EJB3 Dependency Injection
In EJB 3.0 it's fairly easy to inject Java EE components into an EJB object using various annotations provided by the specification. @Resource is available to inject things like datasources and JMS destinations. @EJB is there to get references to other EJBs. @PersistenceContext can get you a reference to the EntityManager service. You can use these annotations to inject directly into the field of your EJB, or you can apply them on setter methods. Here are some examples:
@Stateful
public class ShoppingCartBean implements ShoppingCart {
@Resource(name="DefaultDS") private DataSource ds;
@EJB private CreditCardProcessor ccp;
EntityManager em;
@PersistenceContext(unitName="orderdb")
public void setEntityManager(EntityManager em) {
this.em = em;
...
}
For developers who don't want to use annotations to inject components, EJB 3.0 provides an XML alternative to injection annotations:
<ejb-ref>
<ejb-ref-name>ejb/CreditCardProcessor</ejb-ref-name>
<ejb-ref-type>Session</ejb-ref/type>
<local>com.acme.CreditCardProcessor</local>
<ejb-link>CreditCardEJB</ejb-link>
<inject-target>ccp</inject-target>
</ejb-ref>
Great!
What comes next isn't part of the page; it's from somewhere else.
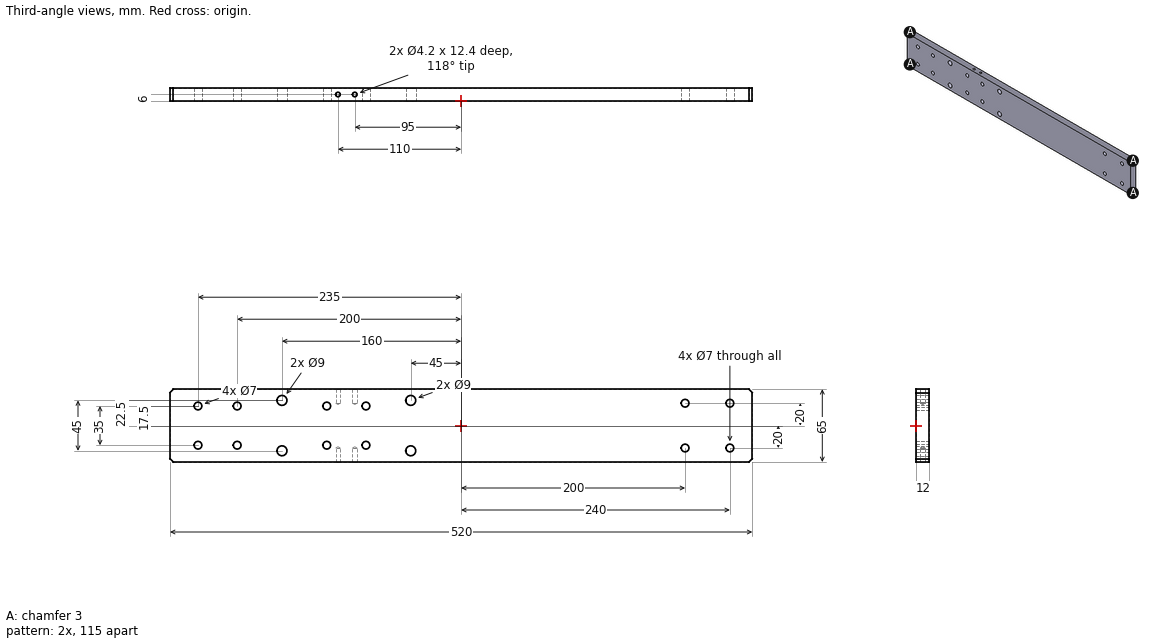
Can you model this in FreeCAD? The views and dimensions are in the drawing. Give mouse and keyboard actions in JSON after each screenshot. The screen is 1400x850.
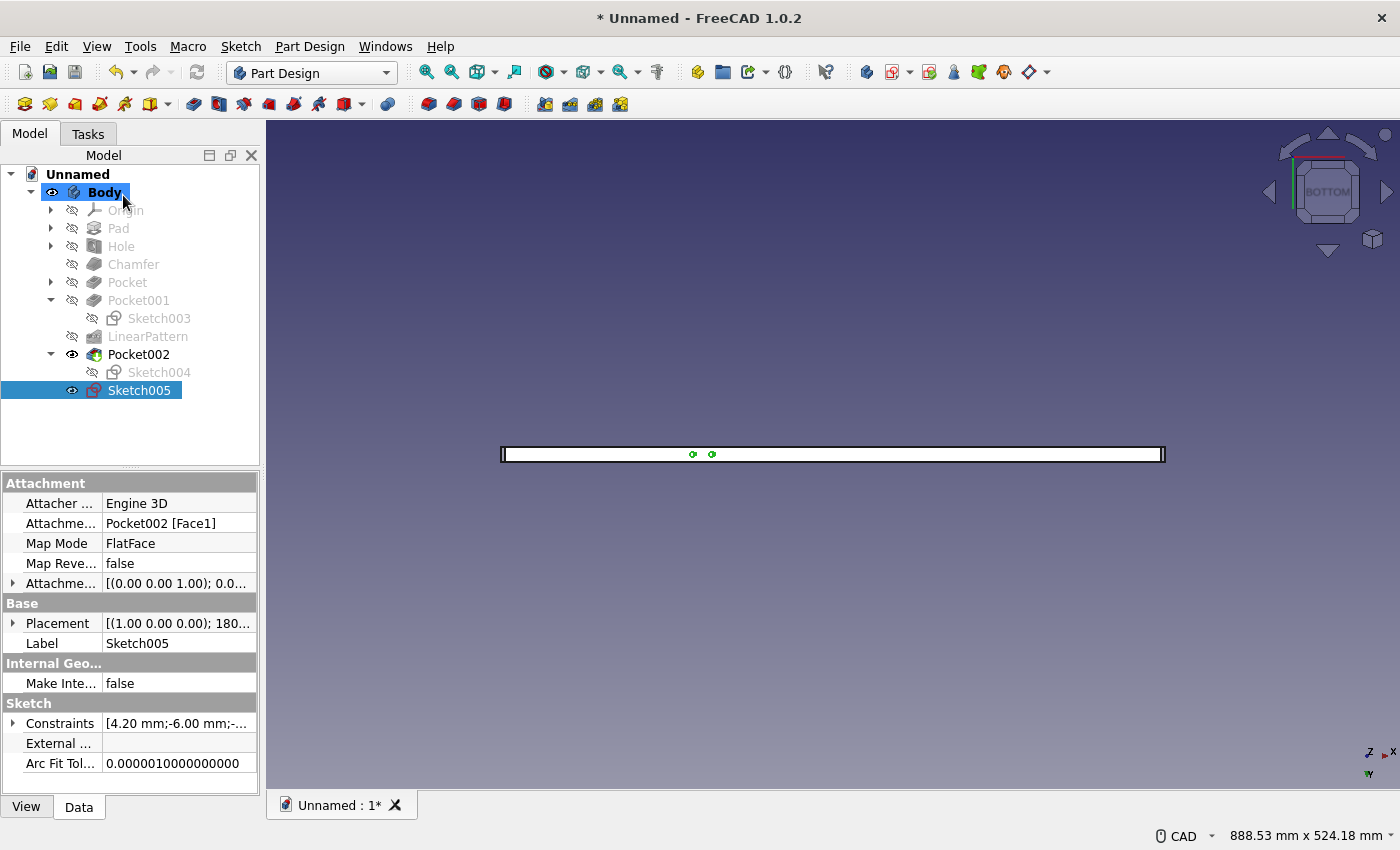
{"action": "left_click", "coordinate": [219, 104]}

So we have two ways of injecting dependencies in EJB 3.0. However, one big problem with EJB 3.0 dependency injection is that there's no way of configuring, defining, and injecting plain Java beans. You can only inject Java EE component types and <env-entry> only lets you inject primitive types. Sure, EJBs look a lot like POJOs and JBoss has the concept of a @Service bean, which is a singleton, but do we really have to define and inject these component objects that have to run in containers? And what about beans from third-party libraries and pre-existing code. There must be something better! Could it be JNDI registration? Maybe, but who will instantiate and construct our beans? Really this is what Spring's dependency injection is all about. But how do we get Spring's beans into an EJB3 container?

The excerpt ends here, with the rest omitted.